That’s something I don’t understand. Latency at about 3 or 4 for a order of magnitude greater than the clock (10us compared to less than 700ps) is absolutely ridiculous.
Not really, you ever heard of hardware/software partitioning? That’s exactly the underlying reason for this.
I can understand some overhead, but at this level… In fact, even though latency is huge, the jitter - a much important problem - is even worse.
To achieve such low jitter as you expect you would definitely need an RTOS or even run this on a dedicated MCU.
Now, using the micro-controller, why not ? but how many gpios are available ?
There are actually more than 40 GPIOs available as both the parallel camera as well as the parallel display interfaces are not supported on Apalis TK1 and we just routed those MXM3 pins to the K20.
How to send data to the Arm cores without adding latency ?
I’m afraid that is not really possible.
Are they using shared memory ?
No, they are using a dedicated SPI interface.

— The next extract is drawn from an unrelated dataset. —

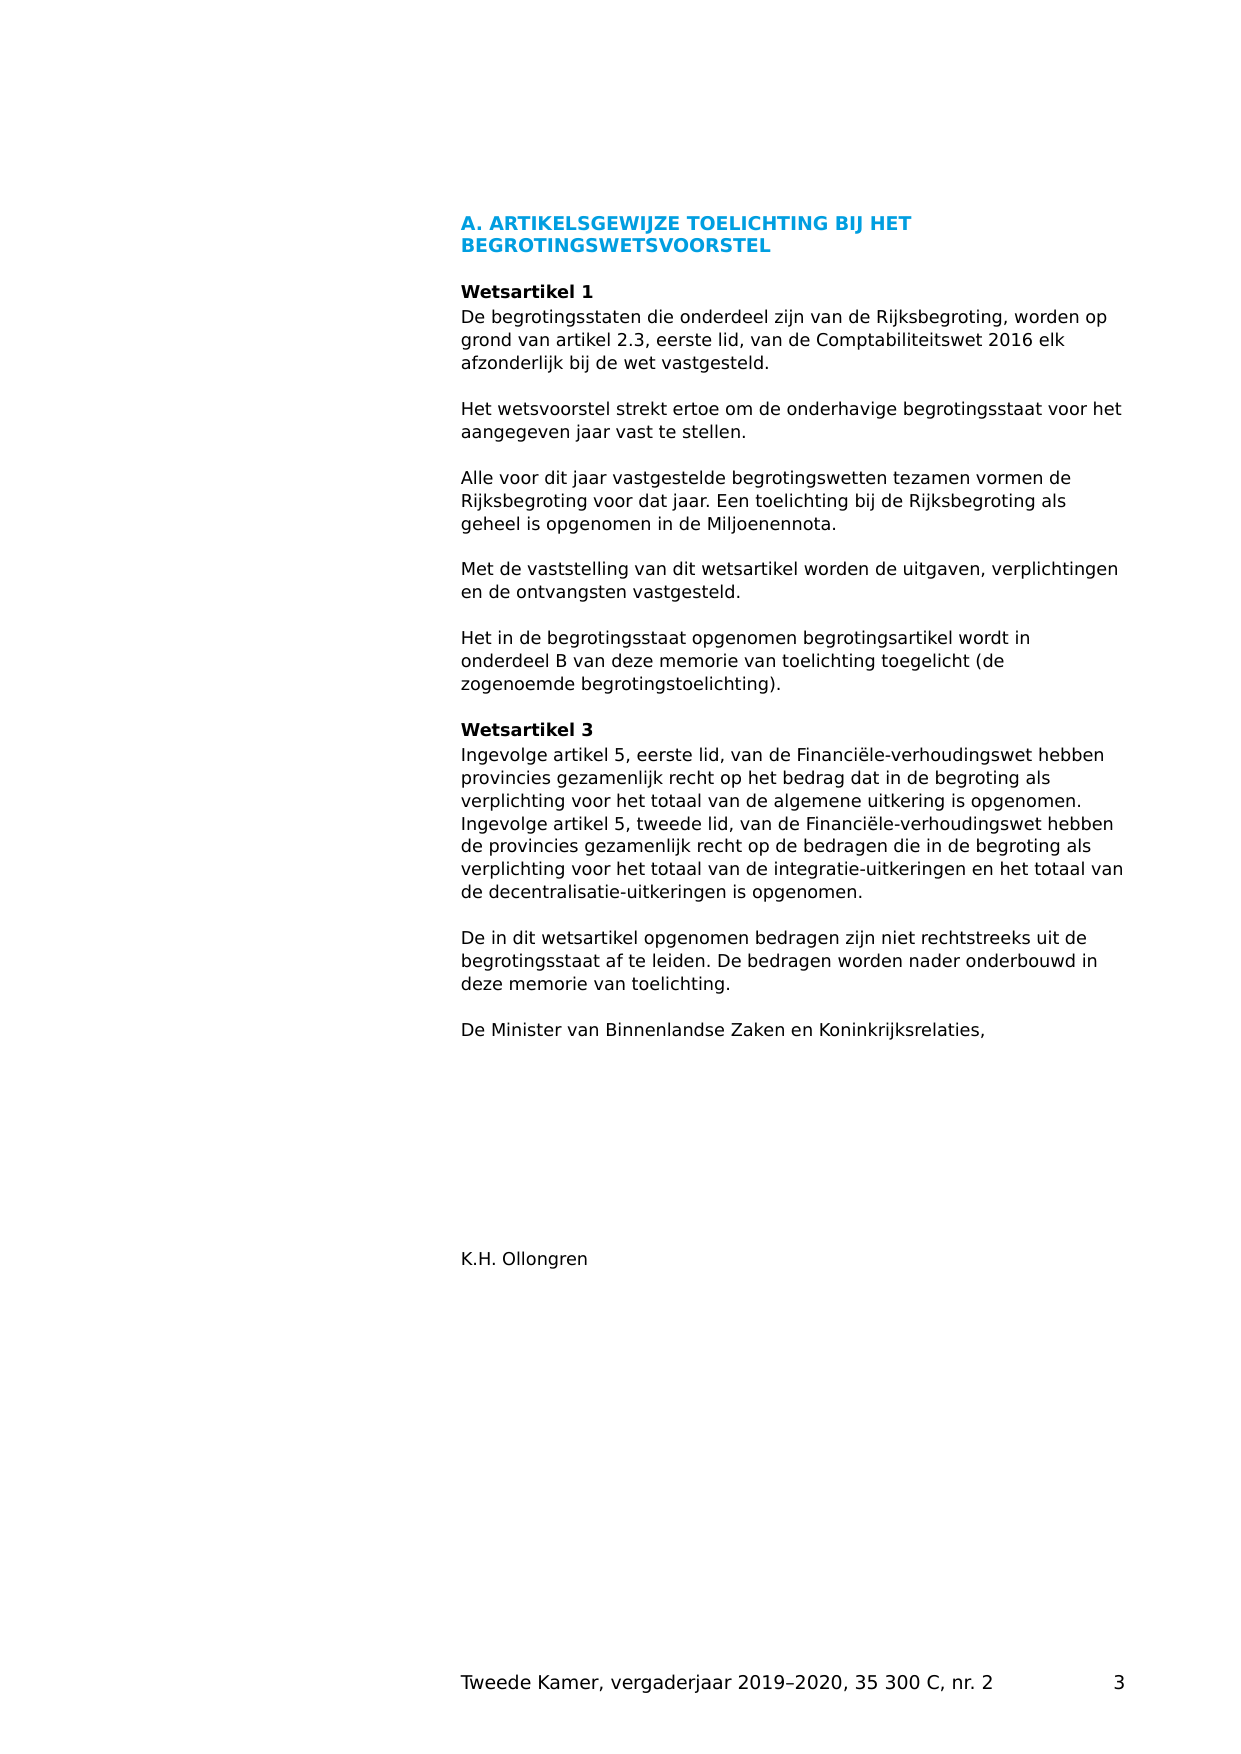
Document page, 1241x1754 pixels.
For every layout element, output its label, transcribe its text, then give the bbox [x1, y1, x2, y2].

Is there a possibility to use DMA to copy data directly to the RAM, independently of the CPU ?
No.
This is something I don’t understand. It is very easy to use for example a high performance audio codec. How the audio signals (sometimes multichannel 384 Ks/s) can be handled correctly without having huge amount of jitter ?

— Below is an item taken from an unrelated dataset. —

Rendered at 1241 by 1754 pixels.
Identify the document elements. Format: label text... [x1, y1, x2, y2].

This involves buffering and dedicated hardware e.g. like the AVP.
If this works, this means that there are low latency mechanisms to get data. How a stereo audio stream at 192 Ks/s with 24bit data ( 2.6us per sample) can be handled with latency of 10us with random jitter than can be even larger ?
None of them process data at such small junks like 64 bytes but rather buffer a lot more.
That’s not logic : codecs, DACs or ADCs are widely used without any problems, even using the main processor for signal processing.
Yes, using kilobytes if not megabytes of buffering.
How HDMI connections can work with such awful timings ? It’s not logic, HDMI connections works very well with high resolutions.
All done in hardware really.
How PCIe multi channel audio cards can work flawlessly on a standard PC with software plugins, having only the latency of the signal processing (which can be large, but pretty constant) ? That’s not logic.
Just buffering, really. Plus it may even drop some samples without you ever noticing.
So, there must exist some ways to acquire and emit data with timings better than that ! I least, I can accept a large latency if it is guaranteed to be stable, but it is very far from the case !
Not without running an RTOS or changing the way you plan to go about transferring data. Which makes me wonder what exactly you plan on using with those 64 byte chunks and if they are coming off an FPGA why one could not pre-process and buffer them some more so that this whole senseless discussion would be rendered obsolete.
I know that, this is mainly related to Linux, so are there alternatives for the OS ?
No, this is not related to Linux at all. I don’t think any other general purpose OS will meet what you expect be it M$ or fruity.
Even a RTOS could be OK as I only need to do signal processing on several cores. Are there system and toochains other than Linux available for the TK1 board with the minimal drivers amount (at least GPIO and ethernet )?
No, so far I have not heard of any such. The biggest hurdle on TK1 would be how to make use of all the GPU functionality in such a case. However depending on what exactly you are trying to achieve you may just run U-Boot and get away with your own dedicated native stuff making use of certain low-level drivers available there like e.g. for PCIe.